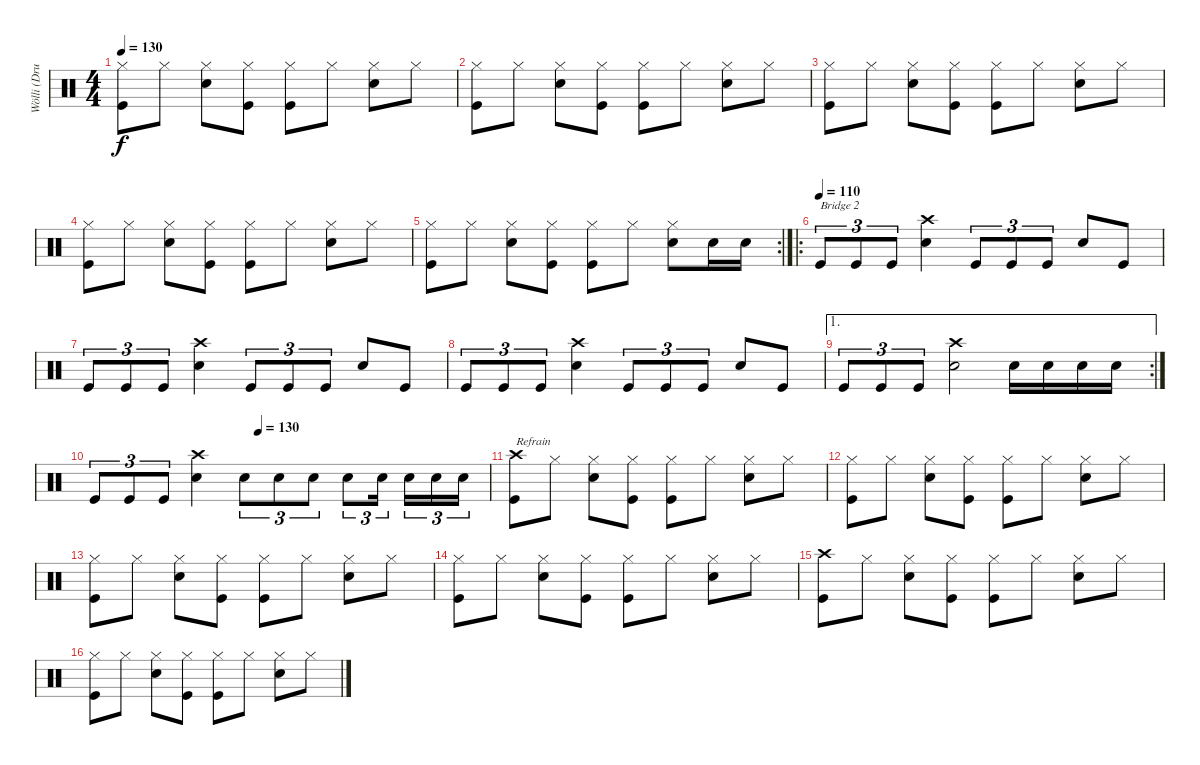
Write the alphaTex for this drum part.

\track ("Wölli (Drums)" "Wölli (Dru") {instrument percussion}
\staff {score}
\articulation defaults
\ts (4 4)
\tempo 130
\clef neutral
\ks c
("Hi-Hat (closed)" "Kick (hit)").8{dy f} "Hi-Hat (closed)".8 ("Hi-Hat (closed)" "Snare (hit) 2").8 ("Hi-Hat (closed)" "Kick (hit)").8 ("Hi-Hat (closed)" "Kick (hit)").8 "Hi-Hat (closed)".8 ("Hi-Hat (closed)" "Snare (hit) 2").8 "Hi-Hat (closed)".8 |
("Hi-Hat (closed)" "Kick (hit)").8 "Hi-Hat (closed)".8 ("Hi-Hat (closed)" "Snare (hit) 2").8 ("Hi-Hat (closed)" "Kick (hit)").8 ("Hi-Hat (closed)" "Kick (hit)").8 "Hi-Hat (closed)".8 ("Hi-Hat (closed)" "Snare (hit) 2").8 "Hi-Hat (closed)".8 |
("Hi-Hat (closed)" "Kick (hit)").8 "Hi-Hat (closed)".8 ("Hi-Hat (closed)" "Snare (hit) 2").8 ("Hi-Hat (closed)" "Kick (hit)").8 ("Hi-Hat (closed)" "Kick (hit)").8 "Hi-Hat (closed)".8 ("Hi-Hat (closed)" "Snare (hit) 2").8 "Hi-Hat (closed)".8 |
("Hi-Hat (closed)" "Kick (hit)").8 "Hi-Hat (closed)".8 ("Hi-Hat (closed)" "Snare (hit) 2").8 ("Hi-Hat (closed)" "Kick (hit)").8 ("Hi-Hat (closed)" "Kick (hit)").8 "Hi-Hat (closed)".8 ("Hi-Hat (closed)" "Snare (hit) 2").8 "Hi-Hat (closed)".8 |
\rc 2
("Hi-Hat (closed)" "Kick (hit)").8 "Hi-Hat (closed)".8 ("Hi-Hat (closed)" "Snare (hit) 2").8 ("Hi-Hat (closed)" "Kick (hit)").8 ("Hi-Hat (closed)" "Kick (hit)").8 "Hi-Hat (closed)".8 ("Hi-Hat (closed)" "Snare (hit) 2").8 "Snare (hit) 2".16 "Snare (hit) 2".16 |
\ro
\tempo (110)
"Kick (hit)".8{tu (3 2) txt "Bridge 2"} "Kick (hit)".8{tu (3 2)} "Kick (hit)".8{tu (3 2)} ("Crash high (hit)" "Snare (hit) 2").4 "Kick (hit)".8{tu (3 2)} "Kick (hit)".8{tu (3 2)} "Kick (hit)".8{tu (3 2)} "Snare (hit) 2".8 "Kick (hit)".8 |
"Kick (hit)".8{tu (3 2)} "Kick (hit)".8{tu (3 2)} "Kick (hit)".8{tu (3 2)} ("Crash high (hit)" "Snare (hit) 2").4 "Kick (hit)".8{tu (3 2)} "Kick (hit)".8{tu (3 2)} "Kick (hit)".8{tu (3 2)} "Snare (hit) 2".8 "Kick (hit)".8 |
"Kick (hit)".8{tu (3 2)} "Kick (hit)".8{tu (3 2)} "Kick (hit)".8{tu (3 2)} ("Crash high (hit)" "Snare (hit) 2").4 "Kick (hit)".8{tu (3 2)} "Kick (hit)".8{tu (3 2)} "Kick (hit)".8{tu (3 2)} "Snare (hit) 2".8 "Kick (hit)".8 |
\ae 1
\rc 2 "Kick (hit)".8{tu (3 2)} "Kick (hit)".8{tu (3 2)} "Kick (hit)".8{tu (3 2)}
("Crash high (hit)" "Snare (hit) 2").2 "Snare (hit) 2".16 "Snare (hit) 2".16 "Snare (hit) 2".16 "Snare (hit) 2".16 |
\tempo (130 0.4166666666666667)
"Kick (hit)".8{tu (3 2)} "Kick (hit)".8{tu (3 2)} "Kick (hit)".8{tu (3 2)} ("Crash high (hit)" "Snare (hit) 2").4 "Snare (hit) 2".8{tu (3 2)} "Snare (hit) 2".8{tu (3 2)} "Snare (hit) 2".8{tu (3 2)} "Snare (hit) 2".8{tu (3 2)} "Snare (hit) 2".16{tu (3 2)} "Snare (hit) 2".16{tu (3 2)} "Snare (hit) 2".16{tu (3 2)} "Snare (hit) 2".16{tu (3 2)} |
("Crash high (hit)" "Kick (hit)").8{txt "Refrain"} "Hi-Hat (closed)".8 ("Hi-Hat (closed)" "Snare (hit) 2").8 ("Hi-Hat (closed)" "Kick (hit)").8 ("Hi-Hat (closed)" "Kick (hit)").8 "Hi-Hat (closed)".8 ("Hi-Hat (closed)" "Snare (hit) 2").8 "Hi-Hat (closed)".8 |
("Hi-Hat (closed)" "Kick (hit)").8 "Hi-Hat (closed)".8 ("Hi-Hat (closed)" "Snare (hit) 2").8 ("Hi-Hat (closed)" "Kick (hit)").8 ("Hi-Hat (closed)" "Kick (hit)").8 "Hi-Hat (closed)".8 ("Hi-Hat (closed)" "Snare (hit) 2").8 "Hi-Hat (closed)".8 |
("Hi-Hat (closed)" "Kick (hit)").8 "Hi-Hat (closed)".8 ("Hi-Hat (closed)" "Snare (hit) 2").8 ("Hi-Hat (closed)" "Kick (hit)").8 ("Hi-Hat (closed)" "Kick (hit)").8 "Hi-Hat (closed)".8 ("Hi-Hat (closed)" "Snare (hit) 2").8 "Hi-Hat (closed)".8 |
("Hi-Hat (closed)" "Kick (hit)").8 "Hi-Hat (closed)".8 ("Hi-Hat (closed)" "Snare (hit) 2").8 ("Hi-Hat (closed)" "Kick (hit)").8 ("Hi-Hat (closed)" "Kick (hit)").8 "Hi-Hat (closed)".8 ("Hi-Hat (closed)" "Snare (hit) 2").8 "Hi-Hat (closed)".8 |
("Crash high (hit)" "Kick (hit)").8 "Hi-Hat (closed)".8 ("Hi-Hat (closed)" "Snare (hit) 2").8 ("Hi-Hat (closed)" "Kick (hit)").8 ("Hi-Hat (closed)" "Kick (hit)").8 "Hi-Hat (closed)".8 ("Hi-Hat (closed)" "Snare (hit) 2").8 "Hi-Hat (closed)".8 |
("Hi-Hat (closed)" "Kick (hit)").8 "Hi-Hat (closed)".8 ("Hi-Hat (closed)" "Snare (hit) 2").8 ("Hi-Hat (closed)" "Kick (hit)").8 ("Hi-Hat (closed)" "Kick (hit)").8 "Hi-Hat (closed)".8 ("Hi-Hat (closed)" "Snare (hit) 2").8 "Hi-Hat (closed)".8
_ _ _ _
### Requirement
Only lines of the data holding the word "tempo" go in the answer. Please copy each of them.

### Output of the exercise
\tempo 130
\tempo (110)
\tempo (130 0.4166666666666667)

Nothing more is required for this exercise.